EventLoop的生命周期有如下几种状态：

ST_NOT_STARTED：EventLoop还未开始工作
ST_STARTED：EventLoop已经开始正常工作，可以向其正常地提交任务
ST_SHUTTING_DOWN：调用shutdownGracefully()后状态变为ST_SHUTTING_DOWN，此时仍然还是可以向EventLoop提交任务。
ST_SHUTDOWN：执行完队列中的剩余任务，并且执行完runShutdownHooks()方法后，状态变为ST_SHUTDOWN，此时已经不能向EventLoop提交任务了（在钩子方法中提交任务除外），但并不意味着任务队列中的所有任务全部执行完了，因为有可能在钩子方法中又提交了新的任务。
ST_TERMINATED：EventLoop中的所有任务全部完成了，selector也已经关闭了（如果是NioEventLoop的话）。

注意，从ST_SHUTTING_DOWN到ST_SHUTDOWN和从ST_SHUTDOWN到ST_TERMINATED两次调用confirmShutDown()方法是不一样的，前者调用confirmShutDown()方法时，是可以在钩子方法中添加任务，而后者调用confirmShutDown()方法时，仅执行完队列中剩余的任务，不能再添加新的任务。

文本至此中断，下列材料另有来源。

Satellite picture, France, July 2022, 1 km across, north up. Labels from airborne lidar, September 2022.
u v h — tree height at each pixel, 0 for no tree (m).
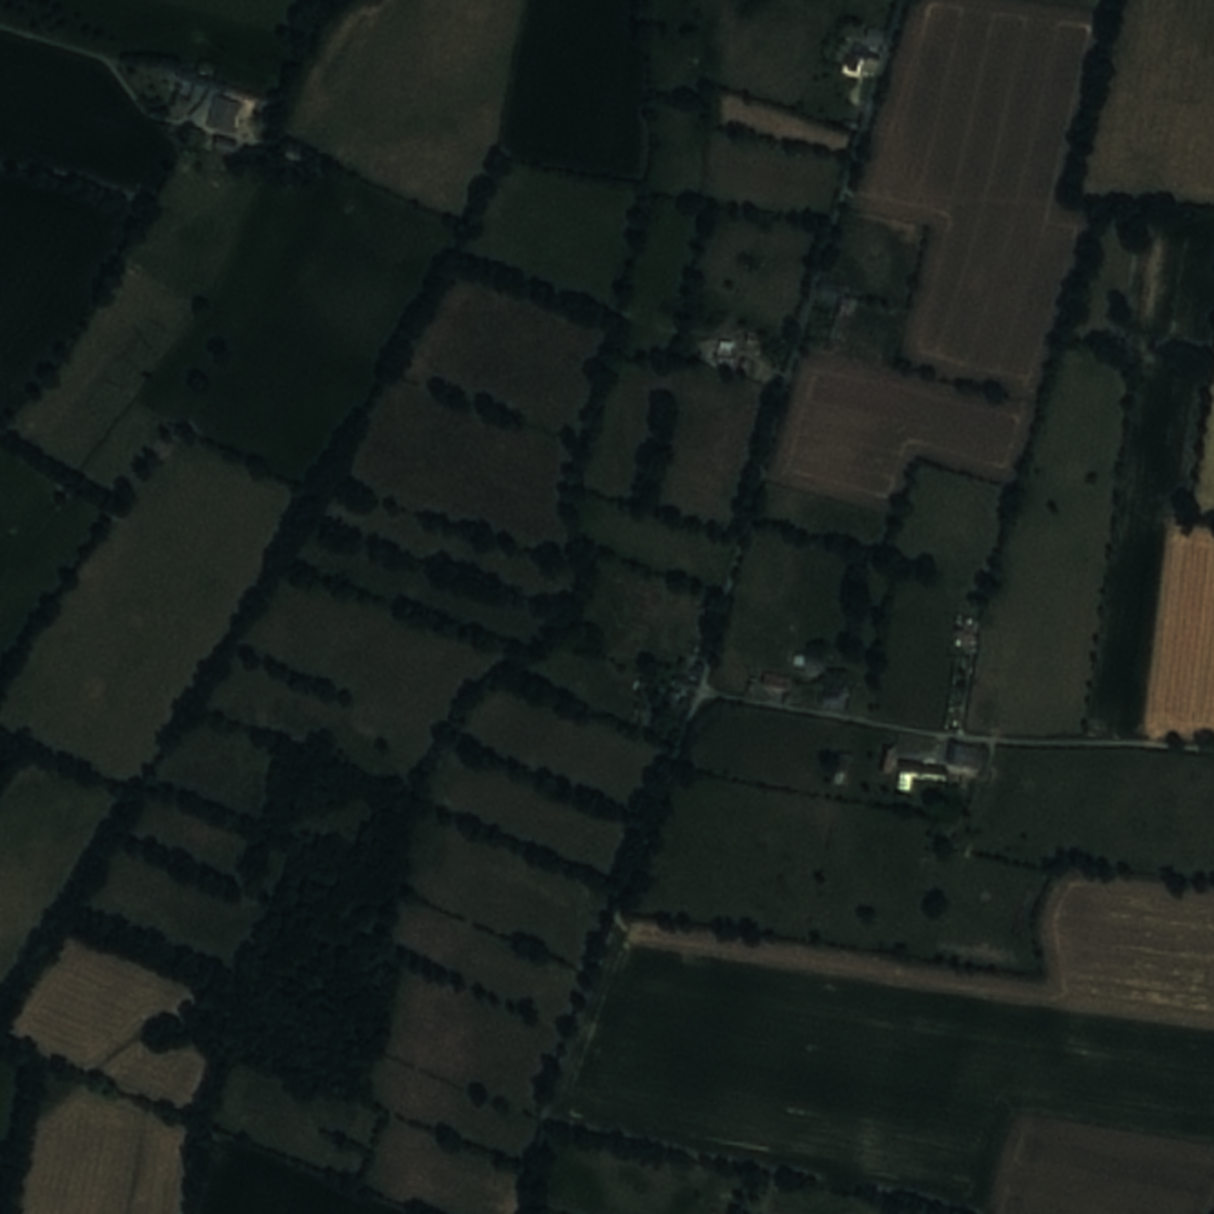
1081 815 0
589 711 11
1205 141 0
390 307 0
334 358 0
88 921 14
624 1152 16
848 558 16
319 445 0
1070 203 12
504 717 0
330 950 7
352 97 0
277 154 15
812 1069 0
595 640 8
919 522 0
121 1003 0
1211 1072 0
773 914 0
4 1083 0
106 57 0
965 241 0
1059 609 0
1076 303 20
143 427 0
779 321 0
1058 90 0
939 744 0
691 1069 0
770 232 0
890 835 0
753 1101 0
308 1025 14
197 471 0
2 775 17
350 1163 0
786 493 0
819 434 0
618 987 0
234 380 0
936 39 0
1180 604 0
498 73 0
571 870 13
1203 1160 0
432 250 0
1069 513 0
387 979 11
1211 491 0
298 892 11
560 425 0
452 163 0
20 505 0
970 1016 0
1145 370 13
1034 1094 0
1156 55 0
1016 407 0
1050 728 0
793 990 0
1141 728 0
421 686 0
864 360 0
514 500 0
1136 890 0
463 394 15
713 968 0
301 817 9
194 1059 0
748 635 0
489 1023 0
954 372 0
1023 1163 0
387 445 0
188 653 0
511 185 0
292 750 19
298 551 13
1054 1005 0
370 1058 19
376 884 14
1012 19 0
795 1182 16
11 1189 21
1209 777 0
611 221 0
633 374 0
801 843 0
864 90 0
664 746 8
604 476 0
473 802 0
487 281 18
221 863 0
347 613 0
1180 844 0
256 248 0
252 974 19
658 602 0
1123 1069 0
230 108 0
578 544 17
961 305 0
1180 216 20
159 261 0
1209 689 0
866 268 0
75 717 0
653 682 10
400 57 0
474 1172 0
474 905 0
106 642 0
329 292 0
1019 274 0
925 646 0
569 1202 0
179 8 0
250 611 18
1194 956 0
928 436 0
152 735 0
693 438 0
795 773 0
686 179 0
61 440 0
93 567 0
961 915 0
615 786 0
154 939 18
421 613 20
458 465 0
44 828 0
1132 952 0
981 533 0
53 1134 0
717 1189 0
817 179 0
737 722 0
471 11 0
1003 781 0
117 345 0
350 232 0
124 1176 0
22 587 0
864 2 0
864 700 0
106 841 21
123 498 17
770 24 0
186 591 0
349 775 14
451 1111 0
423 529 14
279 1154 6
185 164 0
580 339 0
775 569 0
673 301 0
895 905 0
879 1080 0
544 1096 21
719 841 0
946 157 0
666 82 0
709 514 0
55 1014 0
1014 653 0
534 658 16
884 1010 0
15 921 0
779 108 9
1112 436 0
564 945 0
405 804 15
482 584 21
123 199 14
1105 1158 0
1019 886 0
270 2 0
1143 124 0
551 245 0
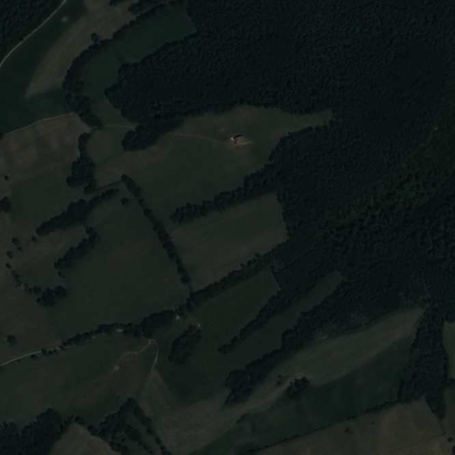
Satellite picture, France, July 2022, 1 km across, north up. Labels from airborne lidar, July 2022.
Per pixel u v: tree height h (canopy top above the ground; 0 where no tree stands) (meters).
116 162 0
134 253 0
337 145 14
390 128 15
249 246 0
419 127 12
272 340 0
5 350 0
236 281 15
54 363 0
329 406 0
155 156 0
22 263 0
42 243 0
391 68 17
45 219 0
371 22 20
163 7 20
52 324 0
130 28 18
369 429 0
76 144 0
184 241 0
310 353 0
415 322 0
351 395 0
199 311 0
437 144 23
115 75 0
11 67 0
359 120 20
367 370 0
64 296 10
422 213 17
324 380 0
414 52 19
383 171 8
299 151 19
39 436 19
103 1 0
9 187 0
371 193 21
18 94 0
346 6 23
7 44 10
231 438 0
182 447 0
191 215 21
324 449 0
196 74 17
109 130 0
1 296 0
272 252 10
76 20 0
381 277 19
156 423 0
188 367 0
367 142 16
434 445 0
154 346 0
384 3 16
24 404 0
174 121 20
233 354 0
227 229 0
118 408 0
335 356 0
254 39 19
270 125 0
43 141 0
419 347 17
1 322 0
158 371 0
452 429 0
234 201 21
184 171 0
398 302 15
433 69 15
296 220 20
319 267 21
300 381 11
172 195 0
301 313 0
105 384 0
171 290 0
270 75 15
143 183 0
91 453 0
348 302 15
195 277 0
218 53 26
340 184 17
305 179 27
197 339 14
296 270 24
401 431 0
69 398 0
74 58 0
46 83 0
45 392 0
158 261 0
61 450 0
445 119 26
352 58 22
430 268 16
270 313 20
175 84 15
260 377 19
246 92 13
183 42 11
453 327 0
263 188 19
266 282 0
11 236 0
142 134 25
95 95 0
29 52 0
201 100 11
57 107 0
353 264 27
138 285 0
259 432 0
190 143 0
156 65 22
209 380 0
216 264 0
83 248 19
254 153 0
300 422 0
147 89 15
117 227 0
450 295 18
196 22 17
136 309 0
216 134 0
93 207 20
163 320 26
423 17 25
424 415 0
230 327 0
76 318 0
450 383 20
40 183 0
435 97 12
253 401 0
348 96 23
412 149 8
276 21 21
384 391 0
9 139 0
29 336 0
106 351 0
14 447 17
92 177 14
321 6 23
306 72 27
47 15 6
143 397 0
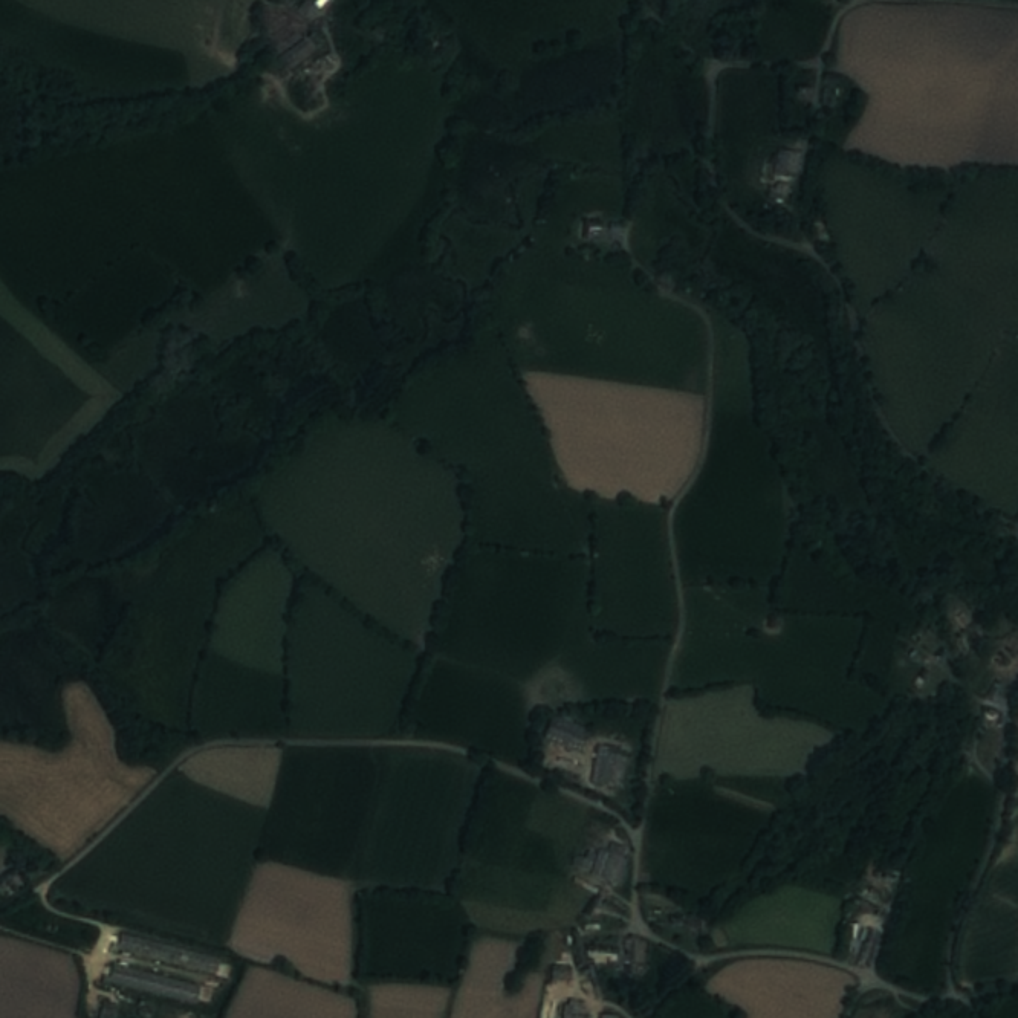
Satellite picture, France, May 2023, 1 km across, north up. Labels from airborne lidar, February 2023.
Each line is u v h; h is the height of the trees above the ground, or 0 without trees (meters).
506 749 0
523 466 0
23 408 0
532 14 0
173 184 0
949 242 0
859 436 17
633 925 0
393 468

confirmShutDown()方法会在文章后面进行更详细的解析，这里我们先暂时放下。

private void startThread() {
    if (state == ST_NOT_STARTED) {
        if (STATE_UPDATER.compareAndSet(this, ST_NOT_STARTED, ST_STARTED)) {
            boolean success = false;
            try {
                doStartThread();
                success = true;
            } finally {
                if (!success) {
                    STATE_UPDATER.compareAndSet(this, ST_STARTED, ST_NOT_STARTED);
                }
            }
        }
    }
}

private void doStartThread()

NioEventLoop调用doStartThread()方法开始执行任务，该方法调用自身内部的executor来执行一个匿名Runnable，这个executor才是真正执行任务的executor，EventLoop其实是对这个executor的一个包装。这个匿名Runnable的run()方法的主要逻辑是这样的：

首先保存该EventLoop底层所用到的线程。
调用SingleThreadEventExecutor.run()方法，该方法是SingleThreadEventExecutor的抽象方法，需要子类来实现。通常来说，这个方法会在一个死循环中不断从任务队列中取任务来执行。我们接下来会分析NioEventLoop.run()。
run()方法执行结束，这意味着该EventLoop应该停止工作了，他的生命周期至少走到了ST_SHUTTING_DOWN这一步，后续的操作全部都是处理EventLoop的shutdown操作。shutdown的逻辑我们在前面也已经叙述过了。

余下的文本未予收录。